## REQUIREMENT
Return a copy of every line in the records that includes the word "list".

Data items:
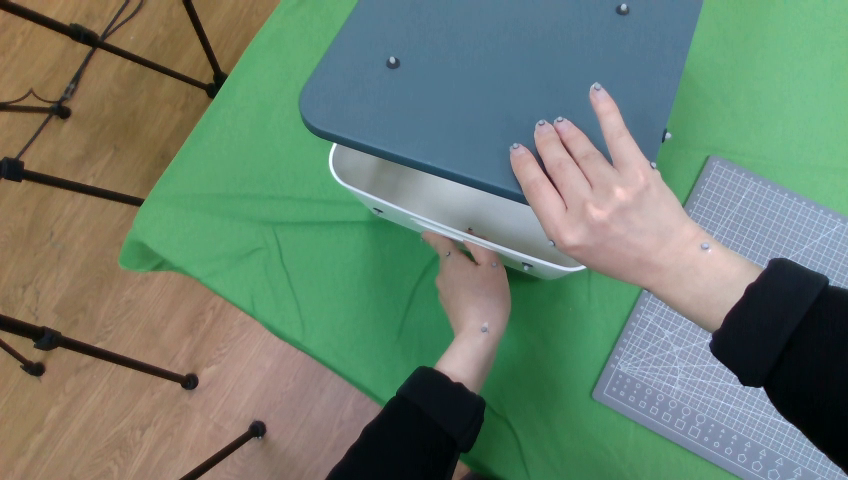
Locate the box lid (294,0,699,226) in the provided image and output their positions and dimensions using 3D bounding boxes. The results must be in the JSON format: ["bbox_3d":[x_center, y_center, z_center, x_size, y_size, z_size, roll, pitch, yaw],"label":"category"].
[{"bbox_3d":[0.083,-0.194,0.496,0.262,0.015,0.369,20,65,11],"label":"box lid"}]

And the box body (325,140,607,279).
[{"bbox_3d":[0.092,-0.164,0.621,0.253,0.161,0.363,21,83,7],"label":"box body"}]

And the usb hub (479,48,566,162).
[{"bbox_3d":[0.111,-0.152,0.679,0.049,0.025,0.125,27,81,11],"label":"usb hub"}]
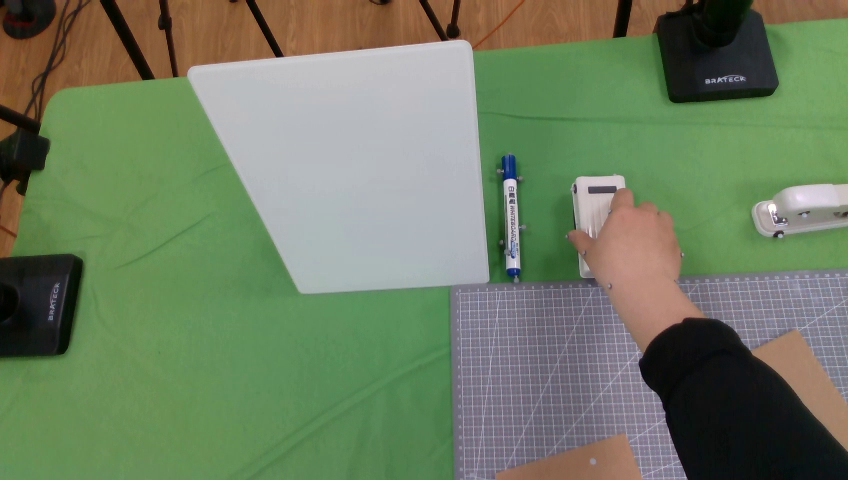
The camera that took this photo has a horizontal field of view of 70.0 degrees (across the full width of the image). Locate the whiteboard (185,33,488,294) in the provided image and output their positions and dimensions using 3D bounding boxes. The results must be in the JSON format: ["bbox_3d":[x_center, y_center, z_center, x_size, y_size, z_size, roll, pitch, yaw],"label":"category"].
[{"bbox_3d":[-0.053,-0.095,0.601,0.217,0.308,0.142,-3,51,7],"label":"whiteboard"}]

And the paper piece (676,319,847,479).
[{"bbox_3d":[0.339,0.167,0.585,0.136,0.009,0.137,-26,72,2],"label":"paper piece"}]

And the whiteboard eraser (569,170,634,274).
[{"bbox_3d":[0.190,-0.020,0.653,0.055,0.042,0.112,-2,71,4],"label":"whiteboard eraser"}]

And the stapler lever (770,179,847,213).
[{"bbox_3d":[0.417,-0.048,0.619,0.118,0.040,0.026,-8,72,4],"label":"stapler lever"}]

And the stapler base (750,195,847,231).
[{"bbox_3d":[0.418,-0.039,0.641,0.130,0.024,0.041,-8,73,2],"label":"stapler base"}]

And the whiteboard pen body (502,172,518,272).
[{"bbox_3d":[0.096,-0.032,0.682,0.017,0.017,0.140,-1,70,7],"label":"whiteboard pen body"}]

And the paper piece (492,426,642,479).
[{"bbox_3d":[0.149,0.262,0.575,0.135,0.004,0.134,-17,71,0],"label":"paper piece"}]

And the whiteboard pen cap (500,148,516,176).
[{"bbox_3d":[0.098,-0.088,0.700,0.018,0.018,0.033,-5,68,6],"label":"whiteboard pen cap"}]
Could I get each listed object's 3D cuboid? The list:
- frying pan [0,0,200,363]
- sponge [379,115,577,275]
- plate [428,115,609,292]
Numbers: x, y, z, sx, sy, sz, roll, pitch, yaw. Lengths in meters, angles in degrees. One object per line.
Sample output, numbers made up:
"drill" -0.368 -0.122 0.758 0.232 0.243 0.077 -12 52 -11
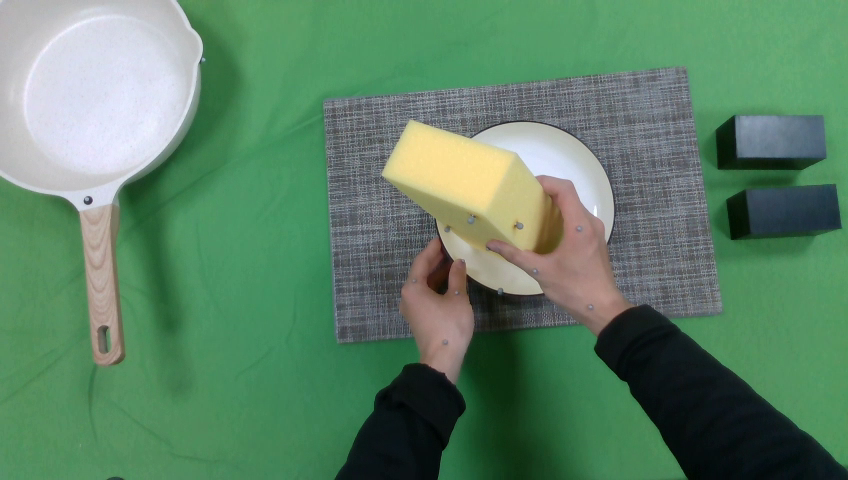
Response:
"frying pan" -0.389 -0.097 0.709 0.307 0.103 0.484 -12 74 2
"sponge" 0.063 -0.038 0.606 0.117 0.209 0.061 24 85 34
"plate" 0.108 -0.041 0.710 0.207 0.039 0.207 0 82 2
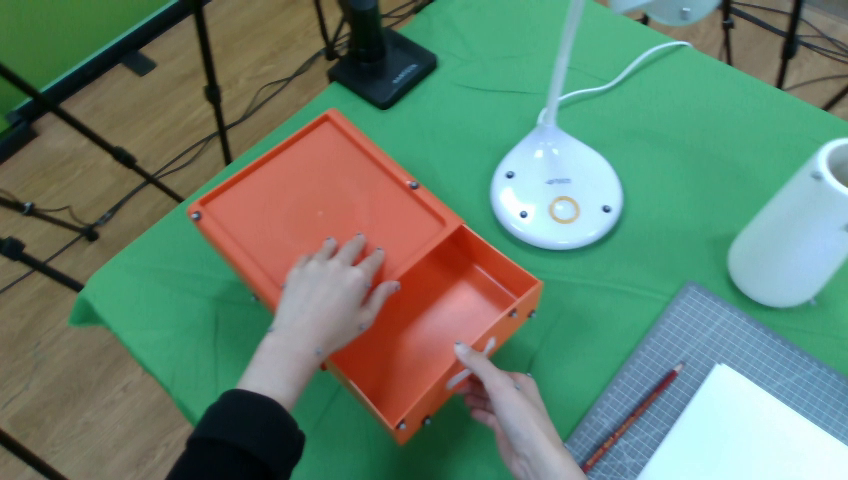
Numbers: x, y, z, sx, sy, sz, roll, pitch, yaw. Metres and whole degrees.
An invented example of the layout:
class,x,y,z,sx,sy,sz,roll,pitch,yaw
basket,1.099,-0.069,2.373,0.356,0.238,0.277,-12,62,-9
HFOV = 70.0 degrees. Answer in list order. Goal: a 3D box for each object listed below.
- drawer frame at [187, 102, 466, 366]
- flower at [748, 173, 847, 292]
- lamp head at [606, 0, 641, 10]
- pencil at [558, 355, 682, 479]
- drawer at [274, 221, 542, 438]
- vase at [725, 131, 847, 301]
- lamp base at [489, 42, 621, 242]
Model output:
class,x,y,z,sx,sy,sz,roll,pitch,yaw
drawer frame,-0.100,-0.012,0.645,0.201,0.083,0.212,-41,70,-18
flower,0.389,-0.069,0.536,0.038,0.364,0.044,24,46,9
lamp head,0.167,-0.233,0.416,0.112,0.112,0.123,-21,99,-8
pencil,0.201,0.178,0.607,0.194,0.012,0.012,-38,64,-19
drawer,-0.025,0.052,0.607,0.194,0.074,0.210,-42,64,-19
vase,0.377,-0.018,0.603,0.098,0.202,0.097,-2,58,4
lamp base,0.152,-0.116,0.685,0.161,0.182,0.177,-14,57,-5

## ANSWER FOR THE TASK
Could I get each listed object's 3D cuboid? The list:
HFOV = 70.0 degrees. Answer in list order. Goal: a 3D box for each object listed below.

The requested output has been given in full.